Mrs Ly-Tio-Fane Pineo (1988) has argued, convincingly in my view, that Decaen used Flinders’ release as a bargaining chip to secure his own return to France after an inevitable British invasion of the island; she writes ‘what is most probable is that the Captain-General, an excellent strategist, must have demanded, in exchange for the immediate liberation of the navigator, assurances for his own freedom, should he ... be reduced to capitulate to an invading force’. Certainly her thesis goes far to explain the events which followed his release on parole in June 1810.

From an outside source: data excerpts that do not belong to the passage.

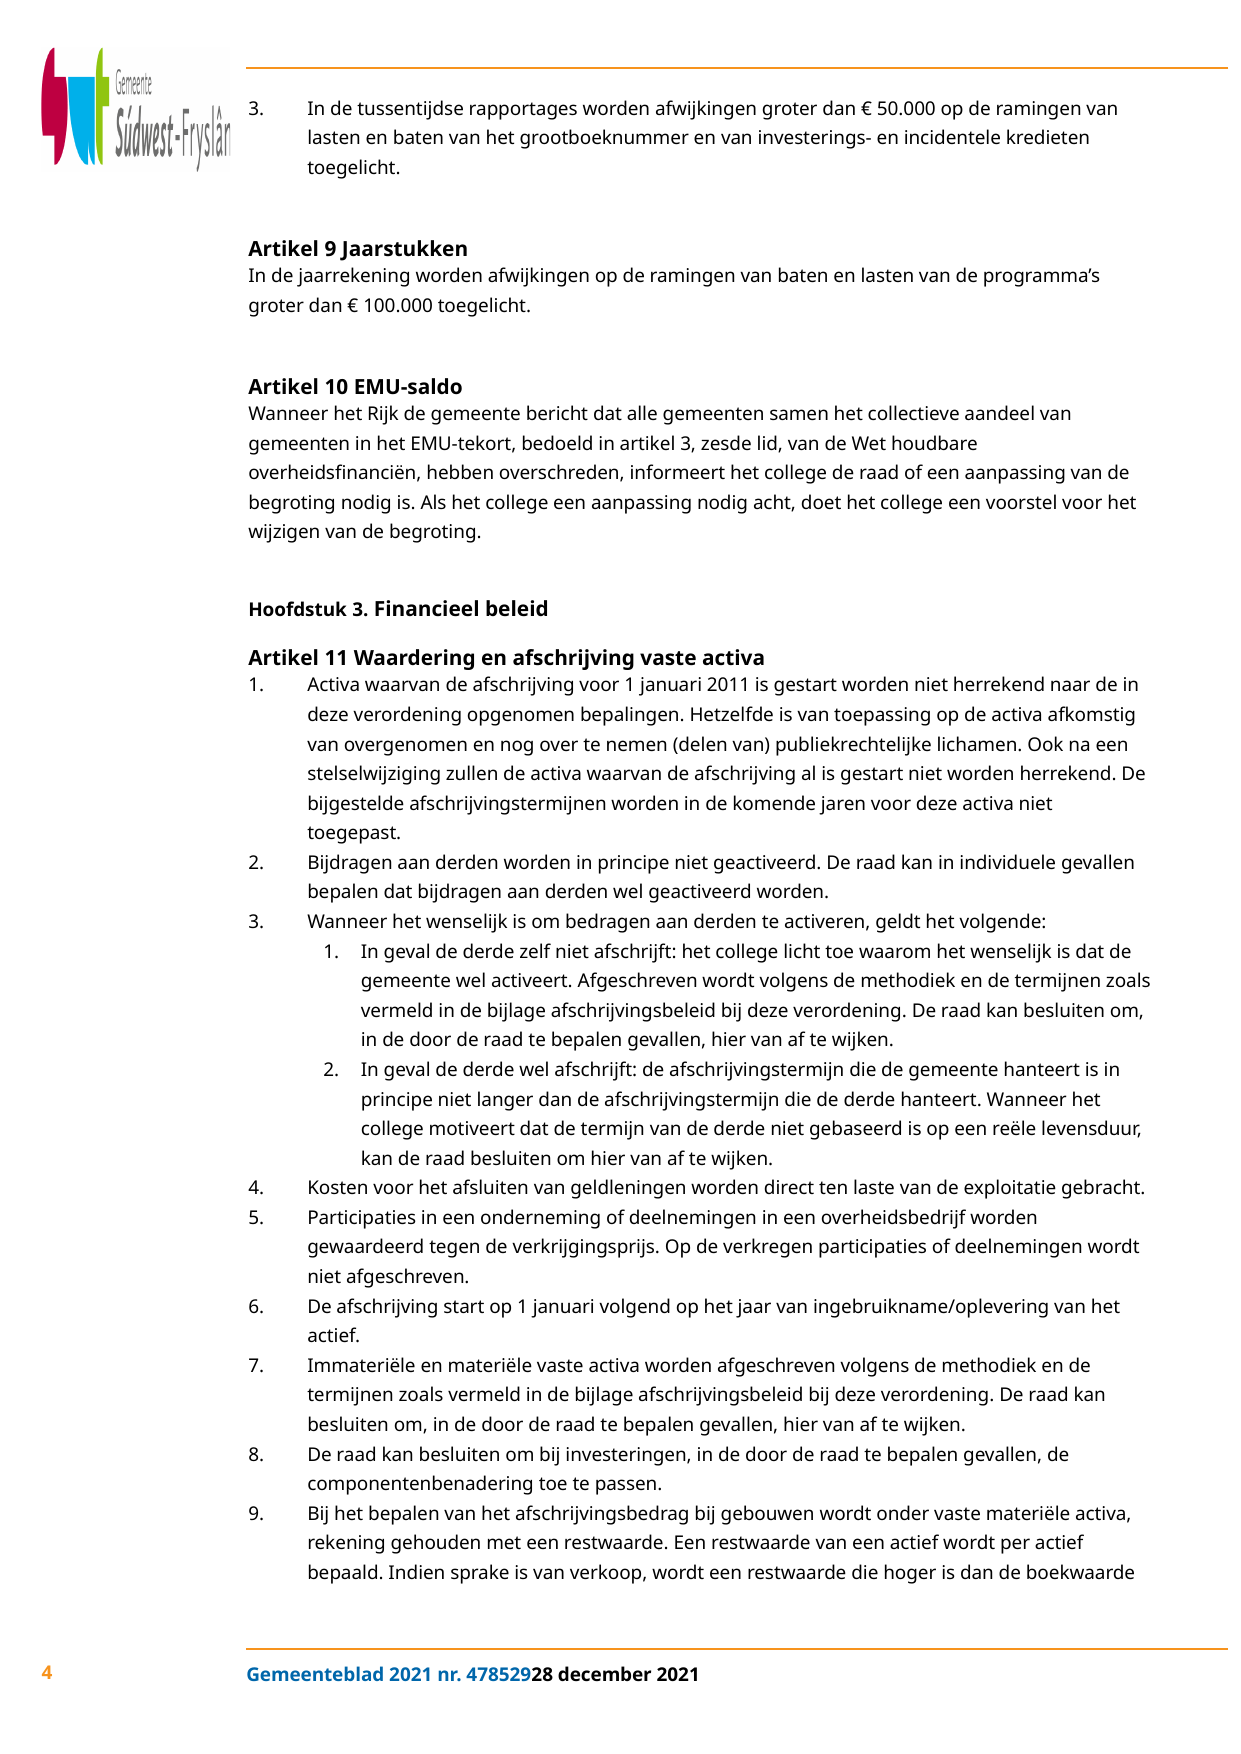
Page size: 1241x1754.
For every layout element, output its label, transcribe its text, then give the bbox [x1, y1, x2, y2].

text In de jaarrekening worden afwijkingen op de ramingen van baten en lasten van de programma’s groter dan € 100.000 toegelicht. [248, 262, 1152, 318]
list In de tussentijdse rapportages worden afwijkingen groter dan € 50.000 op de ramingen van lasten en baten van het grootboeknummer en van investerings- en incidentele kredieten toegelicht. [248, 95, 1152, 180]
text Artikel 11 Waardering en afschrijving vaste activa [248, 643, 1152, 672]
text Wanneer het Rijk de gemeente bericht dat alle gemeenten samen het collectieve aandeel van gemeenten in het EMU-tekort, bedoeld in artikel 3, zesde lid, van de Wet houdbare overheidsfinanciën, hebben overschreden, informeert het college de raad of een aanpassing van de begroting nodig is. Als het college een aanpassing nodig acht, doet het college een voorstel voor het wijzigen van de begroting. [248, 400, 1152, 544]
list In geval de derde wel afschrijft: de afschrijvingstermijn die de gemeente hanteert is in principe niet langer dan de afschrijvingstermijn die de derde hanteert. Wanneer het college motiveert dat de termijn van de derde niet gebaseerd is op een reële levensduur, kan de raad besluiten om hier van af te wijken. [323, 1056, 1152, 1171]
list Bij het bepalen van het afschrijvingsbedrag bij gebouwen wordt onder vaste materiële activa, rekening gehouden met een restwaarde. Een restwaarde van een actief wordt per actief bepaald. Indien sprake is van verkoop, wordt een restwaarde die hoger is dan de boekwaarde [248, 1500, 1152, 1585]
list De raad kan besluiten om bij investeringen, in de door de raad te bepalen gevallen, de componentenbenadering toe te passen. [248, 1441, 1152, 1496]
picture [41, 47, 231, 172]
list Participaties in een onderneming of deelnemingen in een overheidsbedrijf worden gewaardeerd tegen de verkrijgingsprijs. Op de verkregen participaties of deelnemingen wordt niet afgeschreven. [248, 1204, 1152, 1289]
list Kosten voor het afsluiten van geldleningen worden direct ten laste van de exploitatie gebracht. [248, 1174, 1152, 1200]
list Bijdragen aan derden worden in principe niet geactiveerd. De raad kan in individuele gevallen bepalen dat bijdragen aan derden wel geactiveerd worden. [248, 849, 1152, 904]
list Wanneer het wenselijk is om bedragen aan derden te activeren, geldt het volgende: [248, 908, 1152, 934]
list In geval de derde zelf niet afschrijft: het college licht toe waarom het wenselijk is dat de gemeente wel activeert. Afgeschreven wordt volgens de methodiek en de termijnen zoals vermeld in de bijlage afschrijvingsbeleid bij deze verordening. De raad kan besluiten om, in de door de raad te bepalen gevallen, hier van af te wijken. [323, 938, 1152, 1052]
text Hoofdstuk 3. Financieel beleid [248, 594, 1152, 622]
list Immateriële en materiële vaste activa worden afgeschreven volgens de methodiek en de termijnen zoals vermeld in de bijlage afschrijvingsbeleid bij deze verordening. De raad kan besluiten om, in de door de raad te bepalen gevallen, hier van af te wijken. [248, 1352, 1152, 1437]
text Artikel 10 EMU-saldo [248, 372, 1152, 400]
list Activa waarvan de afschrijving voor 1 januari 2011 is gestart worden niet herrekend naar de in deze verordening opgenomen bepalingen. Hetzelfde is van toepassing op de activa afkomstig van overgenomen en nog over te nemen (delen van) publiekrechtelijke lichamen. Ook na een stelselwijziging zullen de activa waarvan de afschrijving al is gestart niet worden herrekend. De bijgestelde afschrijvingstermijnen worden in de komende jaren voor deze activa niet toegepast. [248, 672, 1152, 845]
list De afschrijving start op 1 januari volgend op het jaar van ingebruikname/oplevering van het actief. [248, 1293, 1152, 1348]
text Artikel 9 Jaarstukken [248, 234, 1152, 262]
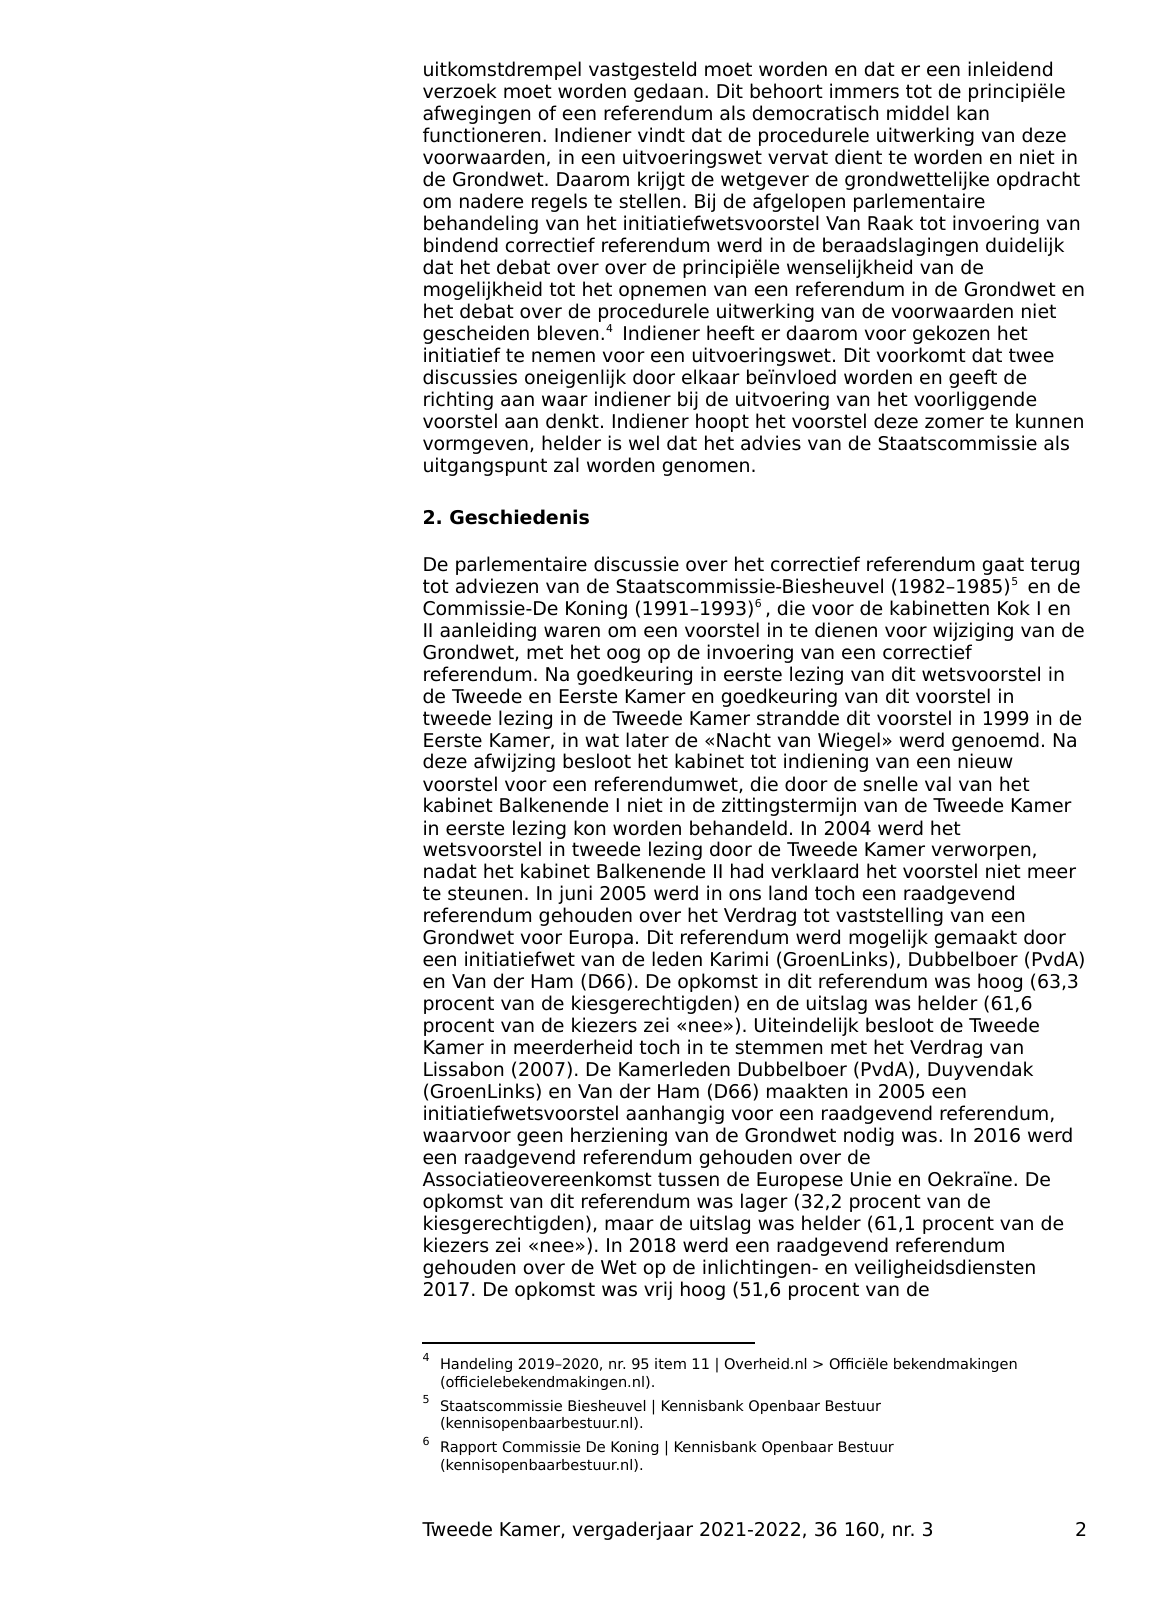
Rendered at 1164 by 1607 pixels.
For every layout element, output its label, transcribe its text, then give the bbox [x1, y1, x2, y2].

text Rapport Commissie De Koning | Kennisbank Openbaar Bestuur (kennisopenbaarbestuur.nl). [422, 1435, 1087, 1474]
text uitkomstdrempel vastgesteld moet worden en dat er een inleidend verzoek moet worden gedaan. Dit behoort immers tot de principiële afwegingen of een referendum als democratisch middel kan functioneren. Indiener vindt dat de procedurele uitwerking van deze voorwaarden, in een uitvoeringswet vervat dient te worden en niet in de Grondwet. Daarom krijgt de wetgever de grondwettelijke opdracht om nadere regels te stellen. Bij de afgelopen parlementaire behandeling van het initiatiefwetsvoorstel Van Raak tot invoering van bindend correctief referendum werd in de beraadslagingen duidelijk dat het debat over over de principiële wenselijkheid van de mogelijkheid tot het opnemen van een referendum in de Grondwet en het debat over de procedurele uitwerking van de voorwaarden niet gescheiden bleven. Indiener heeft er daarom voor gekozen het initiatief te nemen voor een uitvoeringswet. Dit voorkomt dat twee discussies oneigenlijk door elkaar beïnvloed worden en geeft de richting aan waar indiener bij de uitvoering van het voorliggende voorstel aan denkt. Indiener hoopt het voorstel deze zomer te kunnen vormgeven, helder is wel dat het advies van de Staatscommissie als uitgangspunt zal worden genomen. [422, 59, 1087, 477]
text Handeling 2019–2020, nr. 95 item 11 | Overheid.nl > Officiële bekendmakingen (officielebekendmakingen.nl). [422, 1352, 1087, 1391]
text De parlementaire discussie over het correctief referendum gaat terug tot adviezen van de Staatscommissie-Biesheuvel (1982–1985) en de Commissie-De Koning (1991–1993), die voor de kabinetten Kok I en II aanleiding waren om een voorstel in te dienen voor wijziging van de Grondwet, met het oog op de invoering van een correctief referendum. Na goedkeuring in eerste lezing van dit wetsvoorstel in de Tweede en Eerste Kamer en goedkeuring van dit voorstel in tweede lezing in de Tweede Kamer strandde dit voorstel in 1999 in de Eerste Kamer, in wat later de «Nacht van Wiegel» werd genoemd. Na deze afwijzing besloot het kabinet tot indiening van een nieuw voorstel voor een referendumwet, die door de snelle val van het kabinet Balkenende I niet in de zittingstermijn van de Tweede Kamer in eerste lezing kon worden behandeld. In 2004 werd het wetsvoorstel in tweede lezing door de Tweede Kamer verworpen, nadat het kabinet Balkenende II had verklaard het voorstel niet meer te steunen. In juni 2005 werd in ons land toch een raadgevend referendum gehouden over het Verdrag tot vaststelling van een Grondwet voor Europa. Dit referendum werd mogelijk gemaakt door een initiatiefwet van de leden Karimi (GroenLinks), Dubbelboer (PvdA) en Van der Ham (D66). De opkomst in dit referendum was hoog (63,3 procent van de kiesgerechtigden) en de uitslag was helder (61,6 procent van de kiezers zei «nee»). Uiteindelijk besloot de Tweede Kamer in meerderheid toch in te stemmen met het Verdrag van Lissabon (2007). De Kamerleden Dubbelboer (PvdA), Duyvendak (GroenLinks) en Van der Ham (D66) maakten in 2005 een initiatiefwetsvoorstel aanhangig voor een raadgevend referendum, waarvoor geen herziening van de Grondwet nodig was. In 2016 werd een raadgevend referendum gehouden over de Associatieovereenkomst tussen de Europese Unie en Oekraïne. De opkomst van dit referendum was lager (32,2 procent van de kiesgerechtigden), maar de uitslag was helder (61,1 procent van de kiezers zei «nee»). In 2018 werd een raadgevend referendum gehouden over de Wet op de inlichtingen- en veiligheidsdiensten 2017. De opkomst was vrij hoog (51,6 procent van de [422, 554, 1087, 1301]
subtitle 2. Geschiedenis [422, 507, 1087, 529]
text Staatscommissie Biesheuvel | Kennisbank Openbaar Bestuur (kennisopenbaarbestuur.nl). [422, 1393, 1087, 1432]

Flinders sailed for Cape Town, where he expected to take immediate passage to England. Instead he was ordered to report to Vice-Admiral Bertie, the Commander-in-Chief, who was planning the invasion of Ile-de-France and required information on the island’s topography, military strength, defences, civilian morale, and other intelligence. Flinders demurred, pointing out that this was contrary to his parole, but gave in when Bertie insisted,

‘Conceiving with me(!) that I was under no obligation to refuse any information that might be required of me relative to that colony’.